Sabtu, 26 Agustus 2017

Al-Quran Sunni-Syiah Sama

Jakarta, PP Muhammadiyah - Pimpinan Pusat Muhammadiyah?

Al-Quran yang menjadi pegangan umat Islam baik kalangan Sunni maupun Syi’ah adalah sama. Demikian kesimpulan buku Al-Quran 100% Asli, Sunni-Syi’ah Satu Kitab Suci karya Ketua Umum Jam’iyyatul Qurra’ wal-Huffazh Nahdlatul Ulama (JQHNU) Dr. KH Muhaimin Zen MA.

Buku tersebut dibedah Pimpinan Pusat JQHNU di gedung PBNU Jakarta, Senin (29/7). Didaulat sebagai pembicara adalah Rais Syuriyah PBNU KH Masdar F. Mas’udi tokoh Syi’ah Khalid Al-Walid dan penulis buku tersebut. Sementara moderator Sekjen PP JQHNU Ahmad Ari Masyhuri MA. ?

Al-Quran Sunni-Syiah Sama (Sumber Gambar : Nu Online)
Al-Quran Sunni-Syiah Sama (Sumber Gambar : Nu Online)

Al-Quran Sunni-Syiah Sama

Menurut Muhaimin, buku tersebut berawal dari disertasi Pascasarjana Jurusan Tafsir Hadits di Universitas Islam Negeri Sayarif Hidayatullah Jakarta. Judul semula adalah Tahrif (Perubahan) Al-Quran dalam Pandangan Suni-Syi’ah; Satu Kajian Perbandingan.

PP Muhammadiyah - Pimpinan Pusat Muhammadiyah

“Pada mulanya disertasi itu mengatakan bahwa Al-Quran Sunni Syi’ah berbeda. Dasar pendapat itu saya temukan dari buku As-Syi’ah; Tahrif Al-Quran karya Malullah,” jelasnya.

PP Muhammadiyah - Pimpinan Pusat Muhammadiyah

Dalam buku tersebut dikatakan bahwa ayat dalam Al-Quran sekitar 17.000. Yang sekarang ada, tinggal sekitar 6000 ayat.
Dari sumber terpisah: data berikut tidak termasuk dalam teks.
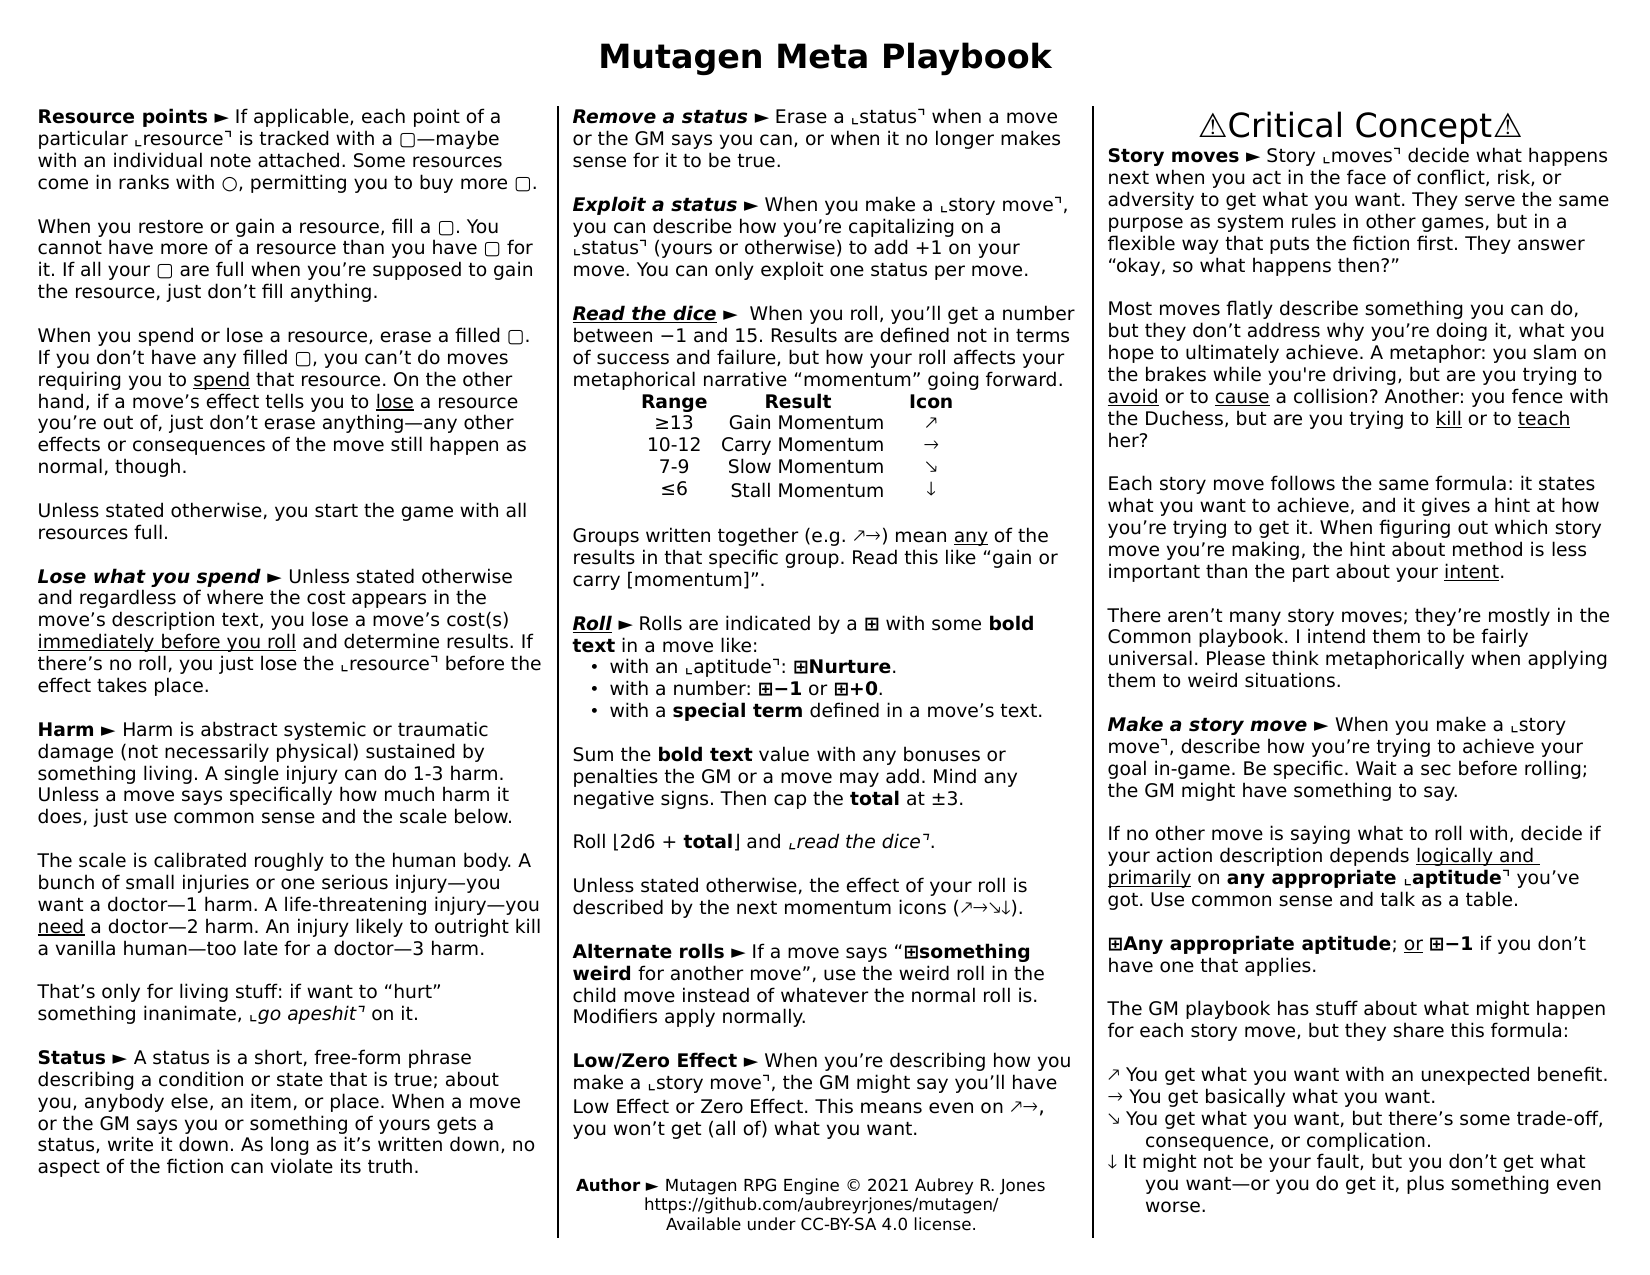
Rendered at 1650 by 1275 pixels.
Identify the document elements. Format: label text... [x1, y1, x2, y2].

text Roll ► Rolls are indicated by a ⊞ with some bold text in a move like: [572, 613, 1077, 657]
text Alternate rolls ► If a move says “⊞something weird for another move”, use the weird roll in the child move instead of whatever the normal roll is. Modifiers apply normally. [572, 941, 1077, 1028]
text Roll ⌊2d6 + total⌋ and ⌞read the dice⌝. [572, 832, 1077, 853]
table_header Range [636, 391, 711, 413]
table_cell 🡕 [884, 413, 978, 434]
table_cell 🡓 [884, 478, 978, 503]
table_cell 🡒 [884, 435, 978, 456]
text When you spend or lose a resource, erase a filled ▢. If you don’t have any filled ▢, you can’t do moves requiring you to spend that resource. On the other hand, if a move’s effect tells you to lose a resource you’re out of, just don’t erase anything—any other effects or consequences of the move still happen as normal, though. [37, 325, 542, 478]
text Make a story move ► When you make a ⌞story move⌝, describe how you’re trying to achieve your goal in-game. Be specific. Wait a sec before rolling; the GM might have something to say. [1107, 714, 1612, 801]
text Low/Zero Effect ► When you’re describing how you make a ⌞story move⌝, the GM might say you’ll have Low Effect or Zero Effect. This means even on 🡕🡒, you won’t get (all of) what you want. [572, 1050, 1077, 1140]
text Most moves flatly describe something you can do, but they don’t address why you’re doing it, what you hope to ultimately achieve. A metaphor: you slam on the brakes while you're driving, but are you trying to avoid or to cause a collision? Another: you fence with the Duchess, but are you trying to kill or to teach her? [1107, 298, 1612, 451]
text If no other move is saying what to roll with, decide if your action description depends logically and primarily on any appropriate ⌞aptitude⌝ you’ve got. Use common sense and talk as a table. [1107, 823, 1612, 911]
text Story moves ► Story ⌞moves⌝ decide what happens next when you act in the face of conflict, risk, or adversity to get what you want. They serve the same purpose as system rules in other games, but in a flexible way that puts the fiction first. They answer “okay, so what happens then?” [1107, 145, 1612, 276]
table_cell Carry Momentum [711, 435, 884, 456]
text ⊞Any appropriate aptitude; or ⊞−1 if you don’t have one that applies. [1107, 933, 1612, 976]
text ⚠Critical Concept⚠ [1107, 106, 1612, 145]
text Lose what you spend ► Unless stated otherwise and regardless of where the cost appears in the move’s description text, you lose a move’s cost(s) immediately before you roll and determine results. If there’s no roll, you just lose the ⌞resource⌝ before the effect takes place. [37, 566, 542, 697]
text 🡕 You get what you want with an unexpected benefit. [1107, 1064, 1612, 1086]
text Status ► A status is a short, free-form phrase describing a condition or state that is true; about you, anybody else, an item, or place. When a move or the GM says you or something of yours gets a status, write it down. As long as it’s written down, no aspect of the fiction can violate its truth. [37, 1047, 542, 1178]
list with an ⌞aptitude⌝: ⊞Nurture. [591, 657, 1077, 678]
table_header Result [711, 391, 884, 413]
text Remove a status ► Erase a ⌞status⌝ when a move or the GM says you can, or when it no longer makes sense for it to be true. [572, 106, 1077, 172]
text 🡒 You get basically what you want. [1107, 1086, 1612, 1108]
text Unless stated otherwise, the effect of your roll is described by the next momentum icons (🡕🡒🡖🡓). [572, 875, 1077, 919]
text Groups written together (e.g. 🡕🡒) mean any of the results in that specific group. Read this like “gain or carry [momentum]”. [572, 525, 1077, 591]
text The scale is calibrated roughly to the human body. A bunch of small injuries or one serious injury—you want a doctor—1 harm. A life-threatening injury—you need a doctor—2 harm. An injury likely to outright kill a vanilla human—too late for a doctor—3 harm. [37, 850, 542, 959]
text The GM playbook has stuff about what might happen for each story move, but they share this formula: [1107, 998, 1612, 1042]
text Each story move follows the same formula: it states what you want to achieve, and it gives a hint at how you’re trying to get it. When figuring out which story move you’re making, the hint about method is less important than the part about your intent. [1107, 473, 1612, 583]
text Sum the bold text value with any bonuses or penalties the GM or a move may add. Mind any negative signs. Then cap the total at ±3. [572, 744, 1077, 810]
text Read the dice ► When you roll, you’ll get a number between −1 and 15. Results are defined not in terms of success and failure, but how your roll affects your metaphorical narrative “momentum” going forward. [572, 303, 1077, 391]
table_cell Gain Momentum [711, 413, 884, 434]
table_cell Slow Momentum [711, 456, 884, 478]
text That’s only for living stuff: if want to “hurt” something inanimate, ⌞go apeshit⌝ on it. [37, 981, 542, 1025]
text 🡖 You get what you want, but there’s some trade-off, consequence, or complication. [1107, 1108, 1612, 1151]
text When you restore or gain a resource, fill a ▢. You cannot have more of a resource than you have ▢ for it. If all your ▢ are full when you’re supposed to gain the resource, just don’t fill anything. [37, 216, 542, 303]
text Resource points ► If applicable, each point of a particular ⌞resource⌝ is tracked with a ▢—maybe with an individual note attached. Some resources come in ranks with ○, permitting you to buy more ▢. [37, 106, 542, 194]
table_cell ≤6 [636, 478, 711, 503]
text 🡓 It might not be your fault, but you don’t get what you want—or you do get it, plus something even worse. [1107, 1151, 1612, 1217]
text Harm ► Harm is abstract systemic or traumatic damage (not necessarily physical) sustained by something living. A single injury can do 1-3 harm. Unless a move says specifically how much harm it does, just use common sense and the scale below. [37, 719, 542, 828]
table_cell Stall Momentum [711, 478, 884, 503]
text Exploit a status ► When you make a ⌞story move⌝, you can describe how you’re capitalizing on a ⌞status⌝ (yours or otherwise) to add +1 on your move. You can only exploit one status per move. [572, 194, 1077, 281]
table_cell 10-12 [636, 435, 711, 456]
table_header Author ► Mutagen RPG Engine © 2021 Aubrey R. Jones https://github.com/aubreyrjones/mutagen/ Available under CC-BY-SA 4.0 license. [573, 1162, 1070, 1237]
table_cell ≥13 [636, 413, 711, 434]
table_cell 🡖 [884, 456, 978, 478]
list with a special term defined in a move’s text. [591, 700, 1077, 722]
text There aren’t many story moves; they’re mostly in the Common playbook. I intend them to be fairly universal. Please think metaphorically when applying them to weird situations. [1107, 604, 1612, 692]
list with a number: ⊞−1 or ⊞+0. [591, 678, 1077, 700]
table_cell 7-9 [636, 456, 711, 478]
table_header Icon [884, 391, 978, 413]
text Unless stated otherwise, you start the game with all resources full. [37, 500, 542, 544]

Di buku tersebut dikatakan bahwa orang Sunni-lah yang membuang ayat-ayat itu.

“Kemudian, ketika diajukan kepada penguji, saya tidak bisa membuktikan pernyataan itu. Lalu saya melakukan penelitiian hingga tingga kali ke Iran pada tahun 2006.”
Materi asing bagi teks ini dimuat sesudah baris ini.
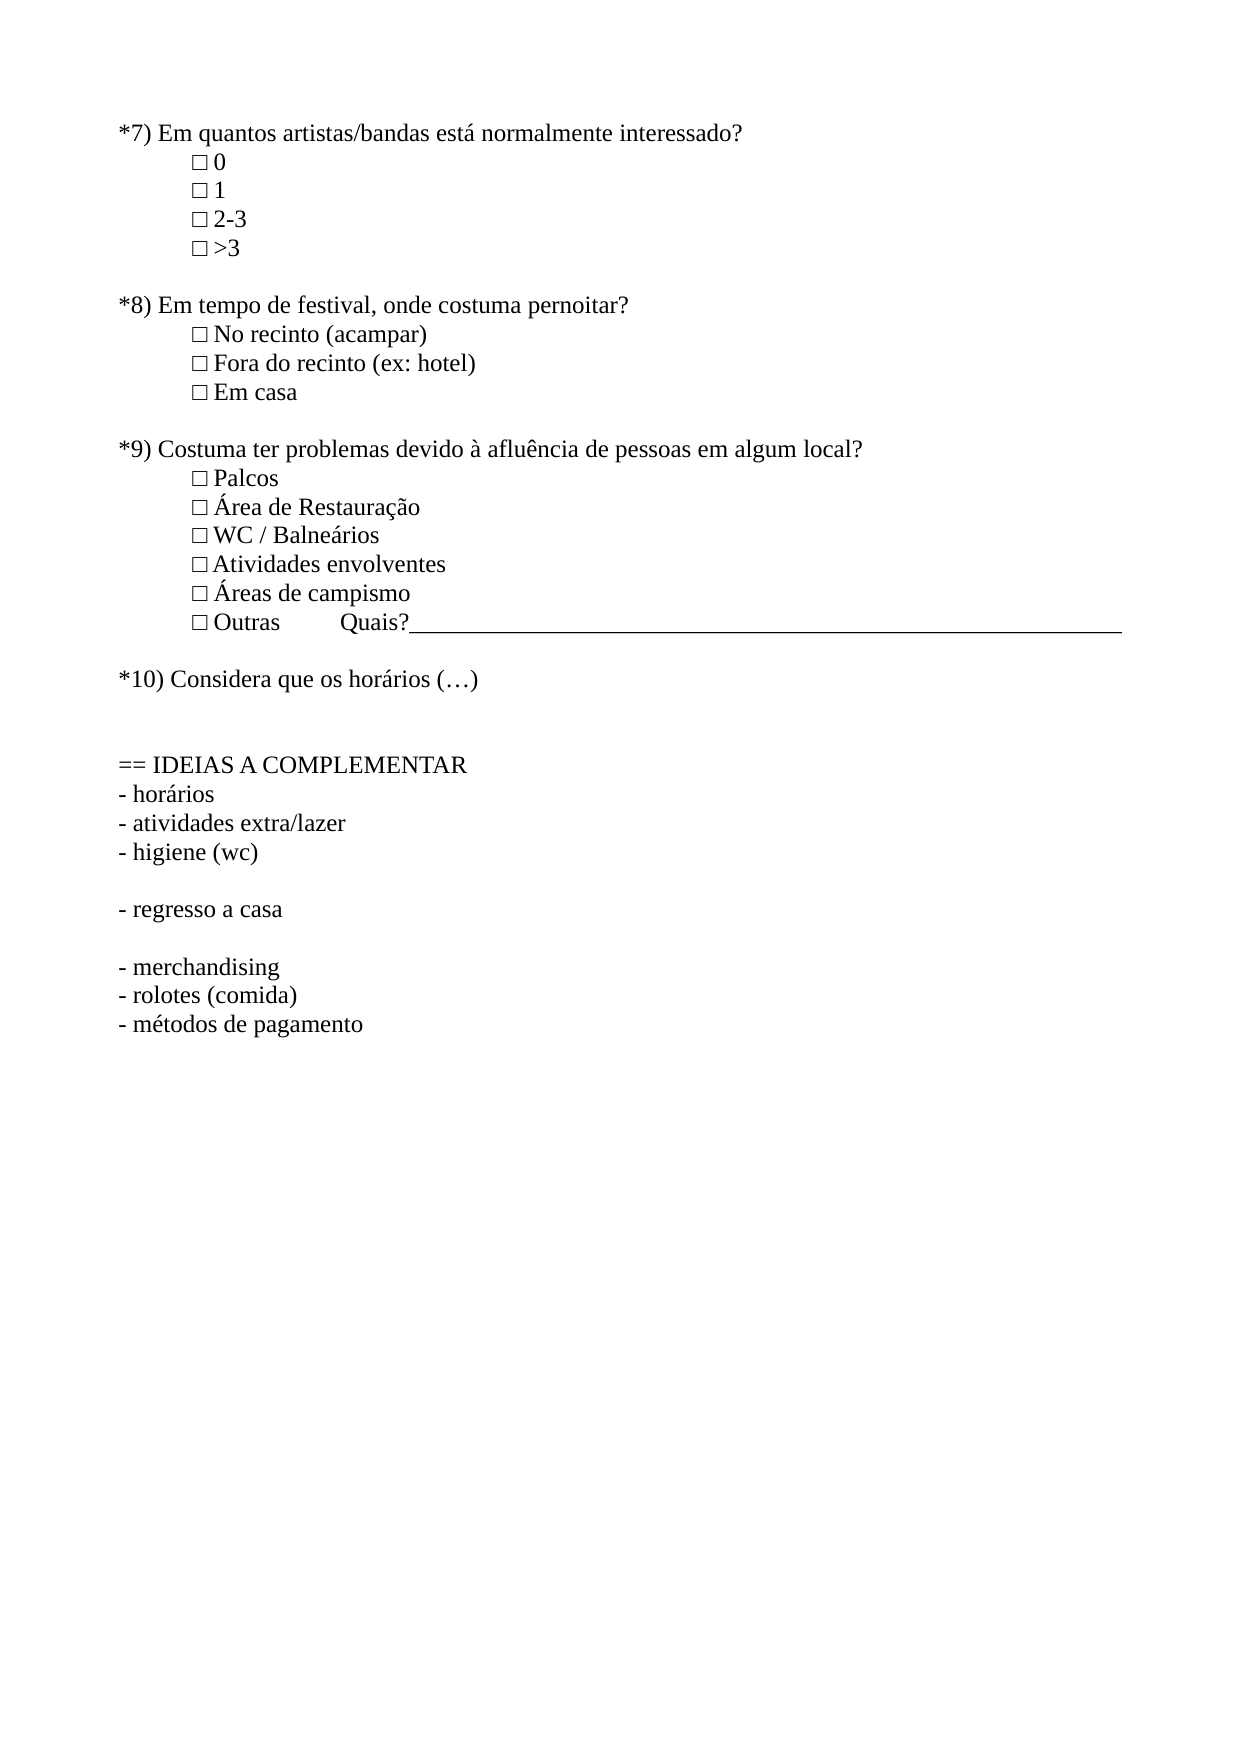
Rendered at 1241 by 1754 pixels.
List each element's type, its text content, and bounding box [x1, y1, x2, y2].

Di Iran, Muhaimin diajak Rektor Universitas Al-Musthafa Al-A’rofy. Ia diajak ke lembaga-lembaga Al-Quran, ke museum-museum, yang memperlihatkan cetakan Al-Quran dari tahun ke tahun. “Kesimpulan saya adalah, bahwa kitab Al-Quran orang Suni dan Syi’ah itu sama,” katanya.?

Kholid Al-Walid mengatakan, Al-Quran kalangan Syiah, sama dengan Al-Quran kalangan Sunni. Ia kemudian menceritakan, Al-Quran pada masa itu Nabi sudah dihafal para sahabat.
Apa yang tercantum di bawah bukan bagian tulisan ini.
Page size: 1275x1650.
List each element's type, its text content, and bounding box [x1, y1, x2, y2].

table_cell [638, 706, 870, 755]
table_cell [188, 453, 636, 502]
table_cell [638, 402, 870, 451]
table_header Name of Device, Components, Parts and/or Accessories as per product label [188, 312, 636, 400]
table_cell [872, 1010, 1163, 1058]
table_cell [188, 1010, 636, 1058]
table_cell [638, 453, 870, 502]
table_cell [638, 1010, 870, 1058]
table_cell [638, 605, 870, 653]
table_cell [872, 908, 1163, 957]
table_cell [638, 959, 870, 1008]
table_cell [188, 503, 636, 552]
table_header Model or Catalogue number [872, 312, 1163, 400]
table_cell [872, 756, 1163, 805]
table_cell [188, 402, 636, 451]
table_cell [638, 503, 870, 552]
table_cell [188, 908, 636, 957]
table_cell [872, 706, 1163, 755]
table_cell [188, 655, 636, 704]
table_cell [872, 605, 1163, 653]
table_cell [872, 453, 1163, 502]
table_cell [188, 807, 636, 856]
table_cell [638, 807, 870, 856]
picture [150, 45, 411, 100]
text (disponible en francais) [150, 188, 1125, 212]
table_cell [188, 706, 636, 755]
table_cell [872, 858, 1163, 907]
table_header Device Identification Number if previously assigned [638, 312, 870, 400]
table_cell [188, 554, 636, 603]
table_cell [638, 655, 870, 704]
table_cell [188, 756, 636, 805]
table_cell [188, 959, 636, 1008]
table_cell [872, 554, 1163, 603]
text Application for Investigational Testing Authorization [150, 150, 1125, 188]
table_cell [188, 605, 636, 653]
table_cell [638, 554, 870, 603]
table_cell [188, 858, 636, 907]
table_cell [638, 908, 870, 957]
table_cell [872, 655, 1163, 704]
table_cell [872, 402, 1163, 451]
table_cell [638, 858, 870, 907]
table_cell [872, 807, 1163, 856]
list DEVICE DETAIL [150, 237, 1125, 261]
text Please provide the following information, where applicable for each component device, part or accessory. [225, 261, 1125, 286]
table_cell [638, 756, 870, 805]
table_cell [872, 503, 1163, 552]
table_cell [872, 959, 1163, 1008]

“Para sahabat membacakananya di hadapan Rasulullah dan dibacakan hingga berkali-kali. Abdullah bin Mas’ud, contohnya.”?

Seluruh ulama Syiah, kata dia, menolak tahrif (perubahan) Al-Quran. Al-Quran yang ada sekarang sama dengan zaman Nabi Muhammad Saw. “Ulama Syi’ah mengutuk sahabat yang berbeda dengan bacaan umum umat Islam,” tambahnya. ?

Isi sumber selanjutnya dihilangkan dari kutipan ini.